[Extracted records]
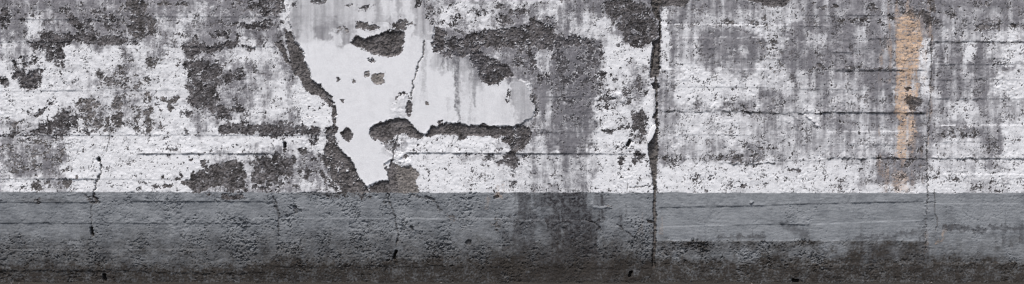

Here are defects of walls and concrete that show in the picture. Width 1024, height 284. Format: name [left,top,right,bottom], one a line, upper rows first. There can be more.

crack [83,127,112,227]
spalling [0,0,649,205]
crack [585,0,662,268]
leakage [501,0,820,283]
leakage [769,1,888,134]
leakage [838,218,930,278]
rust [876,0,934,193]
leakage [937,29,999,113]
leakage [941,206,1024,271]

WHAT YOU HAVE TO DO: What is needed is an exact copy of all the data, with no images in it.

ANSWER AREA:
Here are defects of walls and concrete that show in the picture. Width 1024, height 284. Format: name [left,top,right,bottom], one a line, upper rows first. There can be more.

crack [83,127,112,227]
spalling [0,0,649,205]
crack [585,0,662,268]
leakage [501,0,820,283]
leakage [769,1,888,134]
leakage [838,218,930,278]
rust [876,0,934,193]
leakage [937,29,999,113]
leakage [941,206,1024,271]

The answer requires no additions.